Lesson 16

Python Modules and Libraries

Install and import third-party libraries — the engine behind almost every digital humanities project.

Most of the interesting work in a DH project doesn’t happen in code you write yourself — it happens in libraries you pull in. Regex, requests, BeautifulSoup, spaCy, pandas, polars, lxml, scikit-learn, every major NLP toolkit. Using these is not cheating; it’s the whole reason Python is the lingua franca of computational research. The ecosystem is open source, expects you to use it, and is built on the assumption that you will.

This lesson covers the vocabulary you need: what a module is, how to install one, how to import what you’ve installed, and the standard-library modules every Python script benefits from knowing.

Module, package, library — what’s the difference?

The terms are used loosely, but technically:

A module is a single .py file containing functions, classes, and constants.
A package is a directory of modules — a coherent collection.
A library is informal usage; people use it interchangeably with “package.”

You’ll hear all three. Don’t worry about the distinction. The important fact is: someone wrote it, you can install it, and you can import it.

Installing with `uv`

Throughout this course we install dependencies with uv, Astral’s modern Python project manager. From inside your project folder:

uv add regex

uv add does three things at once: it installs the library into your project’s virtual environment, records the dependency in your pyproject.toml, and pins an exact version in uv.lock. That last part is what makes the project reproducible — anyone who clones your repo can run uv sync and get the same versions you used.

To install several at once:

uv add requests beautifulsoup4 lxml

To remove one:

uv remove regex

You may see older tutorials use pip install <module>. That still works, but it doesn’t update your pyproject.toml, so it’s harder to reproduce later. Stick with uv add for project dependencies.

A handful of modules ship with Python itself — they’re part of the standard library and need no installation. re, csv, json, pathlib, collections, datetime, os, random, math, urllib are all standard library. For these, skip the install step and go straight to import.

Importing

Once installed (or built-in), bring the module into your script with import:

import re
import json
from pathlib import Path

There are four import shapes you’ll see:

import re                          # use as: re.findall(...)
import pandas as pd                # rename on import: pd.DataFrame(...)
from collections import Counter    # bring one name into scope: Counter(...)
from collections import Counter, defaultdict   # several names at once

Conventions:

Long names get aliased. import pandas as pd, import numpy as np, import polars as pl — the aliases are universal and using them makes your code instantly recognizable.
Specific names come in via from. from pathlib import Path is more readable than pathlib.Path everywhere in the file.
Don’t from x import *. It pulls every name from the module into your namespace and makes it impossible to tell where anything came from.

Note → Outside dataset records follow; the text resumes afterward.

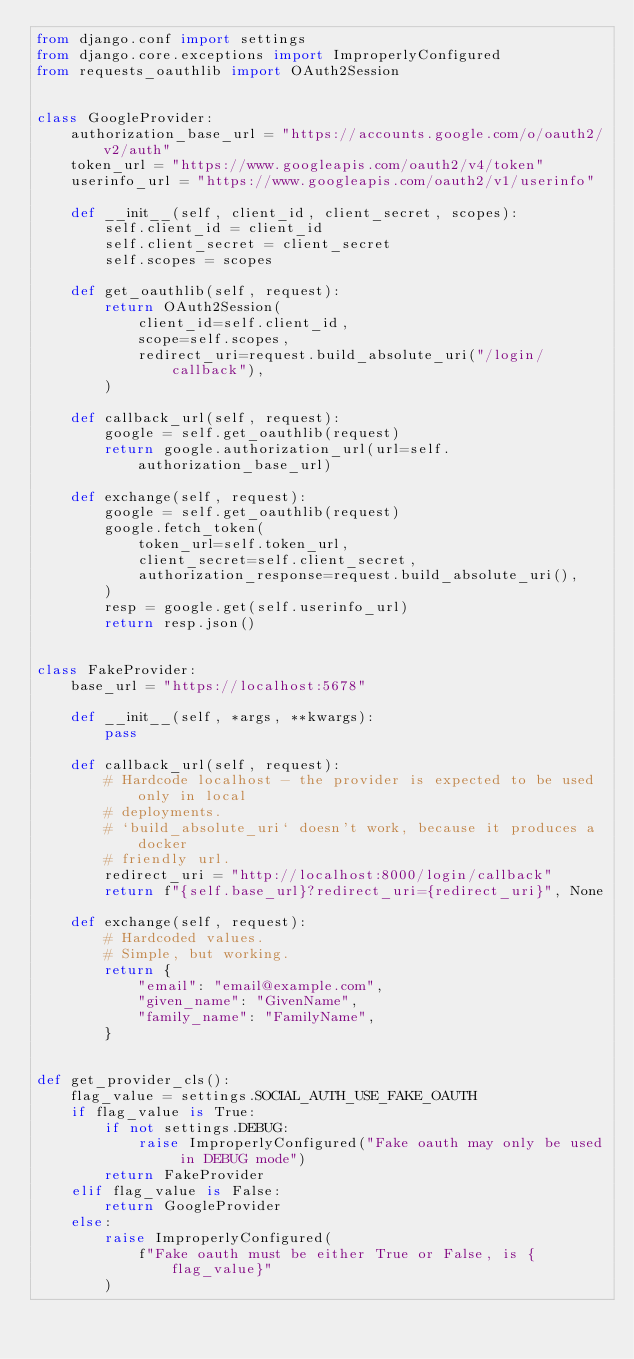Convert code to text. <code><loc_0><loc_0><loc_500><loc_500><_Python_>from django.conf import settings
from django.core.exceptions import ImproperlyConfigured
from requests_oauthlib import OAuth2Session


class GoogleProvider:
    authorization_base_url = "https://accounts.google.com/o/oauth2/v2/auth"
    token_url = "https://www.googleapis.com/oauth2/v4/token"
    userinfo_url = "https://www.googleapis.com/oauth2/v1/userinfo"

    def __init__(self, client_id, client_secret, scopes):
        self.client_id = client_id
        self.client_secret = client_secret
        self.scopes = scopes

    def get_oauthlib(self, request):
        return OAuth2Session(
            client_id=self.client_id,
            scope=self.scopes,
            redirect_uri=request.build_absolute_uri("/login/callback"),
        )

    def callback_url(self, request):
        google = self.get_oauthlib(request)
        return google.authorization_url(url=self.authorization_base_url)

    def exchange(self, request):
        google = self.get_oauthlib(request)
        google.fetch_token(
            token_url=self.token_url,
            client_secret=self.client_secret,
            authorization_response=request.build_absolute_uri(),
        )
        resp = google.get(self.userinfo_url)
        return resp.json()


class FakeProvider:
    base_url = "https://localhost:5678"

    def __init__(self, *args, **kwargs):
        pass

    def callback_url(self, request):
        # Hardcode localhost - the provider is expected to be used only in local
        # deployments.
        # `build_absolute_uri` doesn't work, because it produces a docker
        # friendly url.
        redirect_uri = "http://localhost:8000/login/callback"
        return f"{self.base_url}?redirect_uri={redirect_uri}", None

    def exchange(self, request):
        # Hardcoded values.
        # Simple, but working.
        return {
            "email": "email@example.com",
            "given_name": "GivenName",
            "family_name": "FamilyName",
        }


def get_provider_cls():
    flag_value = settings.SOCIAL_AUTH_USE_FAKE_OAUTH
    if flag_value is True:
        if not settings.DEBUG:
            raise ImproperlyConfigured("Fake oauth may only be used in DEBUG mode")
        return FakeProvider
    elif flag_value is False:
        return GoogleProvider
    else:
        raise ImproperlyConfigured(
            f"Fake oauth must be either True or False, is {flag_value}"
        )
</code>

By convention, all imports go at the top of a file. Notebooks are looser, but for scripts, keep them grouped at the top.

Standard-library modules every script benefits from

Before you reach for a third-party library, check if Python already does the job. The most useful for DH:

import csv                # read and write CSV files
import json               # parse and emit JSON
import re                 # regular expressions
import sqlite3            # an embedded SQL database, no setup
import urllib.request     # download a URL (the simple way)
from pathlib import Path  # filesystem paths
from datetime import date, datetime, timedelta
from collections import Counter, defaultdict, OrderedDict
import random
import textwrap
import unicodedata        # normalize accents, classify characters
import itertools          # cartesian products, groupby, etc.
import statistics         # mean, median, stdev, quantiles

Each of these covers a real problem cleanly. Counter for frequency counts. defaultdict for “create the value if the key isn’t there yet.” unicodedata.normalize for stripping accents to make text comparable. itertools.groupby for grouping consecutive items.

Third-party libraries you’ll meet in this course

These all need uv add:

regex — a more powerful regex engine than the built-in re, with Unicode property support.
requests — the canonical HTTP client. We use it in Lesson 25.
beautifulsoup4 — HTML parsing. Lesson 26.
openpyxl — read and write modern .xlsx files. Lessons 20–22.
lxml — fast XML and HTML processing. Lesson 29.

And ones that are worth knowing about even though we don’t cover them in this course: pandas and polars for tabular data, spacy and stanza for NLP, scikit-learn for machine learning, matplotlib and seaborn for plotting, httpx as a modern alternative to requests.

Reading the docs

Every reputable library has its documentation as the first hit when you search the name. Bookmark them. The docs for re, requests, and beautifulsoup4 will answer 90% of the questions you have while doing the next several lessons.

Two reading habits that pay off:

Find the “quickstart” or “getting started” page first. Spend ten minutes there before anything else.
When you hit a question, search “site:docs.example.com your-question.” It’s faster than scrolling.

In Lesson 17: Python and Regex (Part 01), we put modules to work — importing re and using it to extract dates out of messy text. Nearly every remaining lesson uses one or more libraries, so the pattern from this lesson — install, import, read the docs — is one you’ll repeat constantly.